__PROVIDED MATERIAL__.
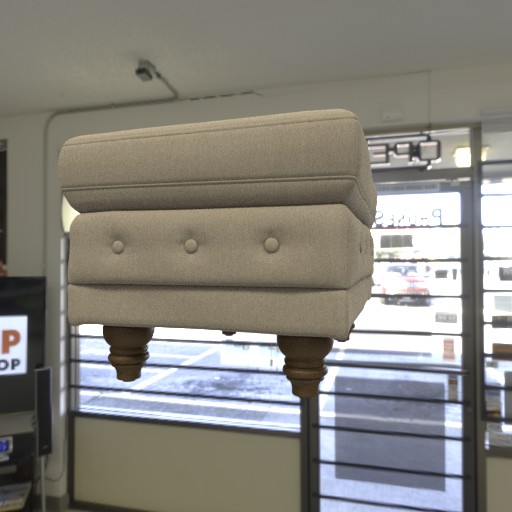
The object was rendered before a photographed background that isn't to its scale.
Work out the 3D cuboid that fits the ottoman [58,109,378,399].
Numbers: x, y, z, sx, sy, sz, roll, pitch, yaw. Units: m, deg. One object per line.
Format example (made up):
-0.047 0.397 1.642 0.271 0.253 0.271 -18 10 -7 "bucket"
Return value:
0.000 0.000 1.099 0.569 0.500 0.771 0 -1 17 "ottoman"
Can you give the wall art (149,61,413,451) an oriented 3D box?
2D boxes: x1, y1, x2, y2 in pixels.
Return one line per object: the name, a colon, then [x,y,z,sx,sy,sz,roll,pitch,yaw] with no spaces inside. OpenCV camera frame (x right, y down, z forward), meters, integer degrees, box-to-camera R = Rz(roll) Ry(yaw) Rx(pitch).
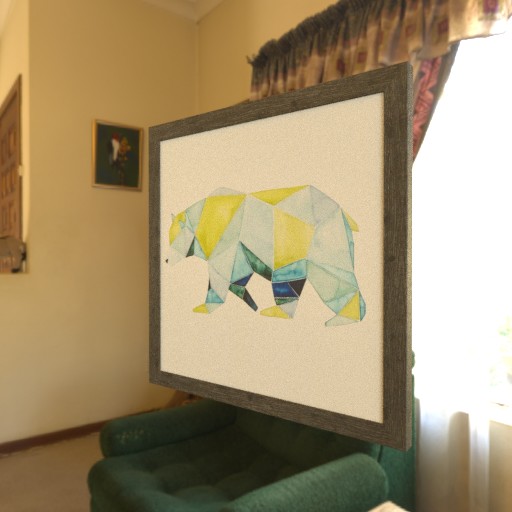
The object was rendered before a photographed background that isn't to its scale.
wall art: [0.000,0.000,0.669,0.462,0.459,0.027,0,1,37]
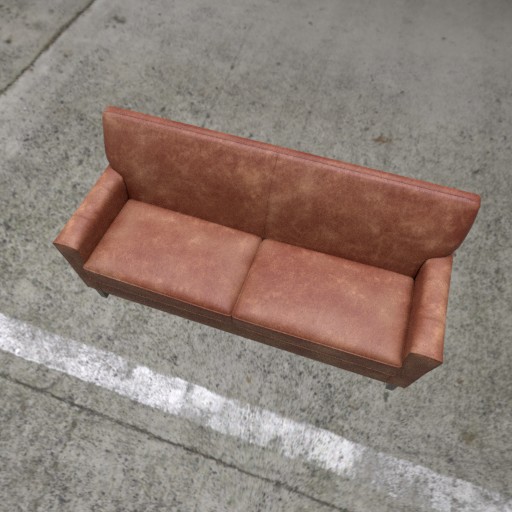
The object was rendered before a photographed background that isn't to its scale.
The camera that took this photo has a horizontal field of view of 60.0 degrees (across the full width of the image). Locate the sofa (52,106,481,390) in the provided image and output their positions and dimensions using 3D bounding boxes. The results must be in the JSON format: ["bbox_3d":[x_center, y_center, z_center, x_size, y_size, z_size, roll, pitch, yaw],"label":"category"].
[{"bbox_3d":[0.000,0.000,2.500,2.053,0.947,0.805,16,60,10],"label":"sofa"}]

__PROBLEM STATEMENT__.
Your output should be only the lines from the line with "Return one line" through the end of the data, exactly as they stand, and no pictures.

__EXPECTED OUTPUT__.
Return one line per object: the name, a colon, then [x,y,z,sx,sy,sz,roll,pitch,yaw] with no spaces inside. OpenCV camera frame (x right, y down, z forward), meters, integer degrees, box-to-camera R = Rz(roll) Ry(yaw) Rx(pitch).
The object was rendered before a photographed background that isn't to its scale.
wall art: [0.000,0.000,0.669,0.462,0.459,0.027,0,1,37]
The object was rendered before a photographed background that isn't to its scale.
The camera that took this photo has a horizontal field of view of 60.0 degrees (across the full width of the image). Locate the sofa (52,106,481,390) in the provided image and output their positions and dimensions using 3D bounding boxes. The results must be in the JSON format: ["bbox_3d":[x_center, y_center, z_center, x_size, y_size, z_size, roll, pitch, yaw],"label":"category"].
[{"bbox_3d":[0.000,0.000,2.500,2.053,0.947,0.805,16,60,10],"label":"sofa"}]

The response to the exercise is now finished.